(Records from a collection)

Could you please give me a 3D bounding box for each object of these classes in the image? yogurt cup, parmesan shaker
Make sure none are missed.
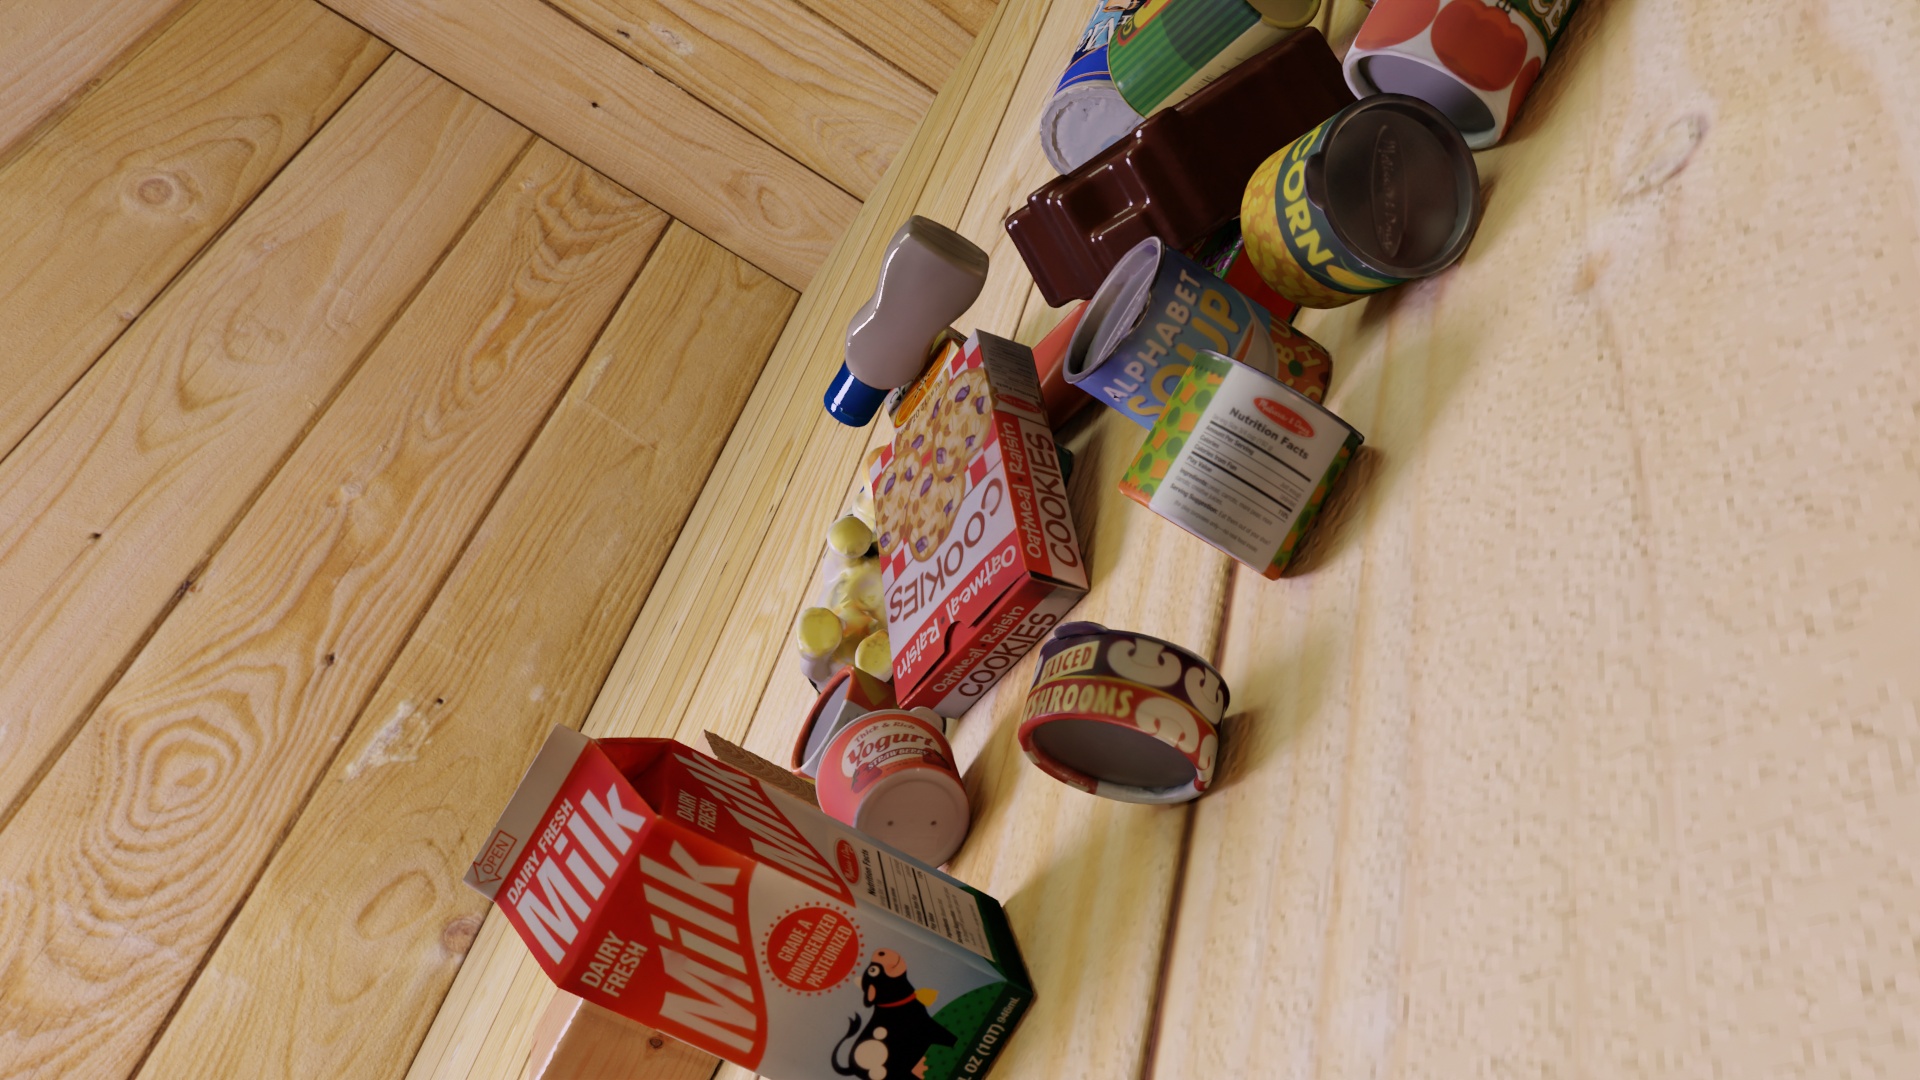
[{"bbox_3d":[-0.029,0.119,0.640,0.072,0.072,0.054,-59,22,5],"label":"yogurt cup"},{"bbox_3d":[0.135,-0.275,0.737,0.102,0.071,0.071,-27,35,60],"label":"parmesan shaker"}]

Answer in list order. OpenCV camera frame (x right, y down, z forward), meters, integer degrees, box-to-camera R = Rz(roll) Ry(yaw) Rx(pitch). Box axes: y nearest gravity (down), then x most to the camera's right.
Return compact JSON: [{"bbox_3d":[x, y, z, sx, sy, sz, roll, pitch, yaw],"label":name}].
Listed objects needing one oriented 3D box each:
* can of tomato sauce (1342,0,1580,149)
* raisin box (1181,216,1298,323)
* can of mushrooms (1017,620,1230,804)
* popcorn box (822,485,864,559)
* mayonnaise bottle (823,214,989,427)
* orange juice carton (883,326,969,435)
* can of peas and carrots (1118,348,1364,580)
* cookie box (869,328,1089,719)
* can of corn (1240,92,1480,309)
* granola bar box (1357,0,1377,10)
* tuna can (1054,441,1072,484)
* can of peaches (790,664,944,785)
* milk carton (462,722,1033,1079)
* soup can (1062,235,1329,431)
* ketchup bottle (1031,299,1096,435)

DIRECTIONS FOR THIS TASK: Word for word, give the entries back in full; the pictures do not belong in the copy.

RESPONSE:
Could you please give me a 3D bounding box for each object of these classes in the image? yogurt cup, parmesan shaker
Make sure none are missed.
[{"bbox_3d":[-0.029,0.119,0.640,0.072,0.072,0.054,-59,22,5],"label":"yogurt cup"},{"bbox_3d":[0.135,-0.275,0.737,0.102,0.071,0.071,-27,35,60],"label":"parmesan shaker"}]

Answer in list order. OpenCV camera frame (x right, y down, z forward), meters, integer degrees, box-to-camera R = Rz(roll) Ry(yaw) Rx(pitch). Box axes: y nearest gravity (down), then x most to the camera's right.
Return compact JSON: [{"bbox_3d":[x, y, z, sx, sy, sz, roll, pitch, yaw],"label":name}].
Listed objects needing one oriented 3D box each:
* can of tomato sauce (1342,0,1580,149)
* raisin box (1181,216,1298,323)
* can of mushrooms (1017,620,1230,804)
* popcorn box (822,485,864,559)
* mayonnaise bottle (823,214,989,427)
* orange juice carton (883,326,969,435)
* can of peas and carrots (1118,348,1364,580)
* cookie box (869,328,1089,719)
* can of corn (1240,92,1480,309)
* granola bar box (1357,0,1377,10)
* tuna can (1054,441,1072,484)
* can of peaches (790,664,944,785)
* milk carton (462,722,1033,1079)
* soup can (1062,235,1329,431)
* ketchup bottle (1031,299,1096,435)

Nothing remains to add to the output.